Here is the core part of my dynamo, ExecutionContext is abstract

@dynamo function (mx::ExecutionContext)(a...)
    ir = IR(a...)
    ir == nothing && return
    recurse!(ir)
    return ir
end

function (mx::ExecutionContext)(fn::typeof(getindex), c, k)
    c isa Dict && begin
        # Printout below.
        println("Key: $k, $(typeof(k)) Available: $(typeof(c)) $(keys(c)), $(k in keys(c))")
    end
    return c[k]
end

but I define dispatch on a concrete sub-instance HierarchicalTrace

@inline function (tr::HierarchicalTrace)(fn::typeof(rand), addr::Address, d::Distribution{T}) where T
    s = rand(d)
    tr.chm[addr] = ChoiceSite(logpdf(d, s), s)
    return s
end

@inline function (tr::HierarchicalTrace)(fn::typeof(rand), addr::Address, call::Function, args...)
    n_tr = Trace()
    ret = n_tr(call, args...)
    tr.chm[addr] = CallSite(n_tr, call, args, ret)
    return ret
end

which does track the calls, if I run the program:

Key: ##381, Symbol Available: Dict{Symbol,Main.RecursiveSearcher.GenerativeHap.Node} [Symbol("##381"), Symbol("##446"), Symbol("##379"), Symbol("##380"), Symbol("##447"), Symbol("##453")], true
Key: ##447, Symbol Available: Dict{Symbol,Main.RecursiveSearcher.GenerativeHap.Node} [Symbol("##381"), Symbol("##446"), Symbol("##379"), Symbol("##380"), Symbol("##447"), Symbol("##453")], false

which shows the printout line from above. So the equality check in getindex randomly fails for keys, even though the key (at least, what I think is the key) is present in the KeySet. I cannot for the life of me figure out what could cause this.

This also doesn't just occur in this call, but in other calls where getindex is called e.g.

Stacktrace:
 [1] getindex at ./dict.jl:477 [inlined]
 [2] (::Jaynes.HierarchicalTrace)(::typeof(getindex), ::Dict{Symbol,Main.RecursiveSearcher.GenerativeHap.Node}, ::Symbol) at /home/mccoy/.julia/dev/Jaynes/src/contexts.jl:13
 [3] update_STCC! at /home/mccoy/.julia/dev/GenerativeHap/src/core/execution_engine/pre_execution_updates.jl:44 [inlined]

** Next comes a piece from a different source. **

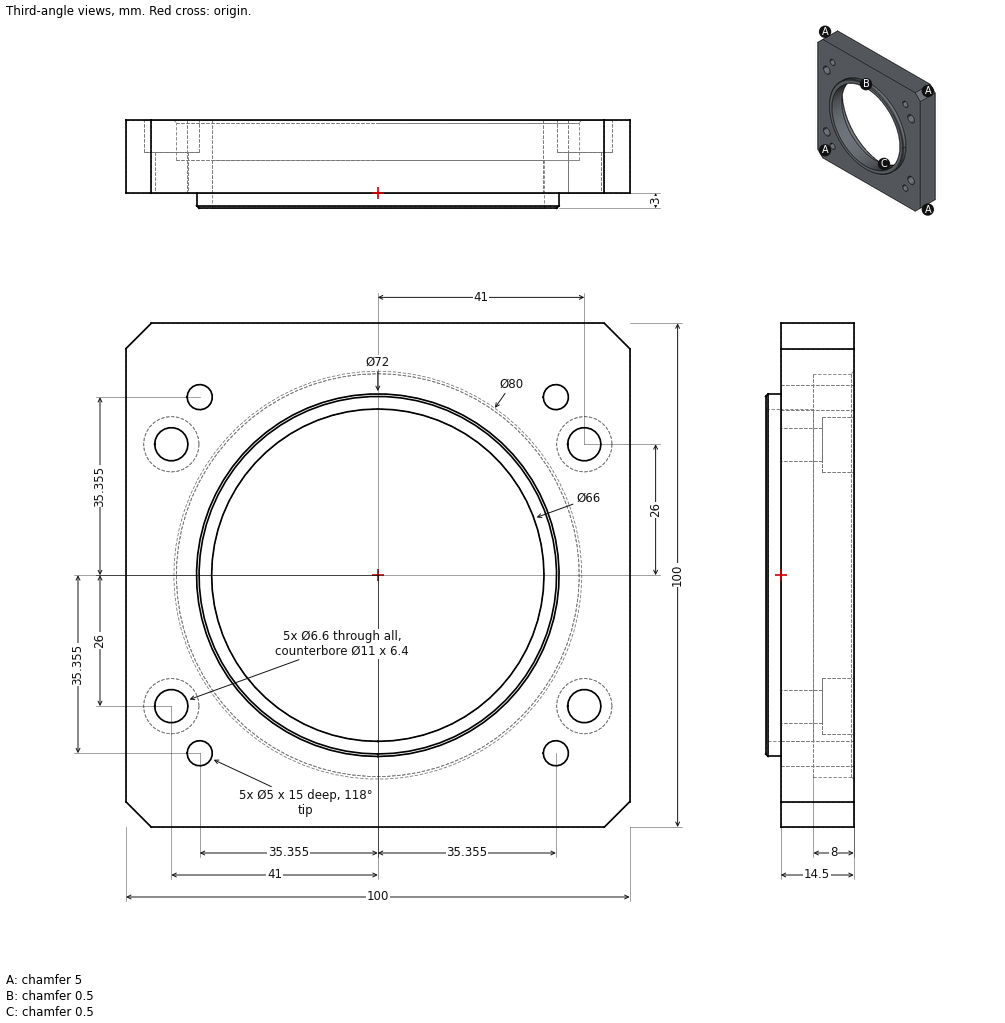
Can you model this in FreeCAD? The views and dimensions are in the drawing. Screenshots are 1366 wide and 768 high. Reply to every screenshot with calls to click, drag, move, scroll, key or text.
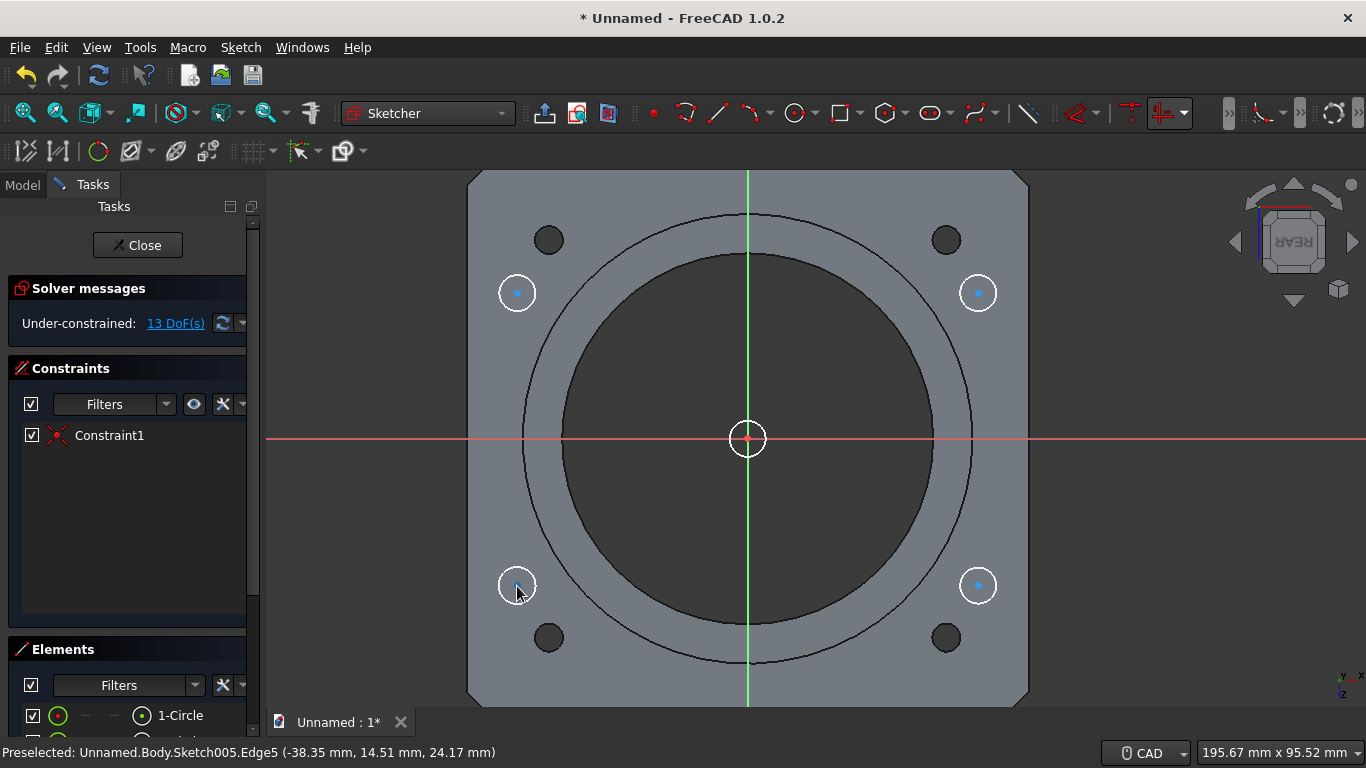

where a getindex call occurs in another part of my codebase. And just to be totally transparent, that method is defined:

function update_STCC!(tree::ActiveBehaviorTree, 
                      env::Environment)
    for (e, an) in tree.executing_actions
        # Here.
        tree.nodes[e].success_test(tree.globals, env) && begin

            succeed!(s, tree)
        end
    end

    for b in tree.active_behaviors
        nd = tree.nodes[b]
        for cc in nd.context_conditions
            cc(tree.globals, env) && begin
                fail!(nd, tree)
            end
        end
    end
end

which, at least to me, shows that it's not some weird type thing with list comprehension. The same thing occurs - Symbol is "apparently" in the KeySet but the getindex equality check fails and throws a KeyError.

femtomc commented 4 years ago

@MikeInnes I ended up developing a workaround which prevents the dynamo from wrapping calls to Base.

unwrap(gr::GlobalRef) = gr.name
unwrap(gr) = gr

# Whitelist includes vectorized calls.
whitelist = [:rand, :learnable, :foldr, :map, :soss_fmi, :gen_fmi, :turing_fmi]

# Fix for specialized tracing.
function recur!(ir, to = self)
    for (x, st) in ir
        isexpr(st.expr, :call) && begin
            ref = unwrap(st.expr.args[1])
            ref in whitelist || 
            !(unwrap(st.expr.args[1]) in names(Base)) ||
            continue
            ir[x] = Expr(:call, to, st.expr.args...)
        end
    end
    return ir
end

The issue turns out to be a call in Base somewhere, because this fixed the problem. It also greatly increased performance on programs which could have type stability issues. I had to do something similar for Cassette at one point.